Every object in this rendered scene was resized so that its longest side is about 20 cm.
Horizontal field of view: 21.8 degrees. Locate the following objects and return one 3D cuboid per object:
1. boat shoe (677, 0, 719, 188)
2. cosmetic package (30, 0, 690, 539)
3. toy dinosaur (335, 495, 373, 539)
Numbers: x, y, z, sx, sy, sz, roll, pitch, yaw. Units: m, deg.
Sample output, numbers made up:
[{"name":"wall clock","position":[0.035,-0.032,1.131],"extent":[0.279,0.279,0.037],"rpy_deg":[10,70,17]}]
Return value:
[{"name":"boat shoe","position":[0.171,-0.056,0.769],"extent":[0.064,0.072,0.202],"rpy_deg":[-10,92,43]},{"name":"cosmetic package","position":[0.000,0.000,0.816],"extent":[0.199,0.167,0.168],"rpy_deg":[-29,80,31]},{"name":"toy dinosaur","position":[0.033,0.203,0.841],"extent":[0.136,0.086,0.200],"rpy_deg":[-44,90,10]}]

★ ★ ★ ★

▶ Task instructions
Copy the lines that hold the word "object". Take them from the records above.

▶ Task output
Every object in this rendered scene was resized so that its longest side is about 20 cm.
Horizontal field of view: 21.8 degrees. Locate the following objects and return one 3D cuboid per object:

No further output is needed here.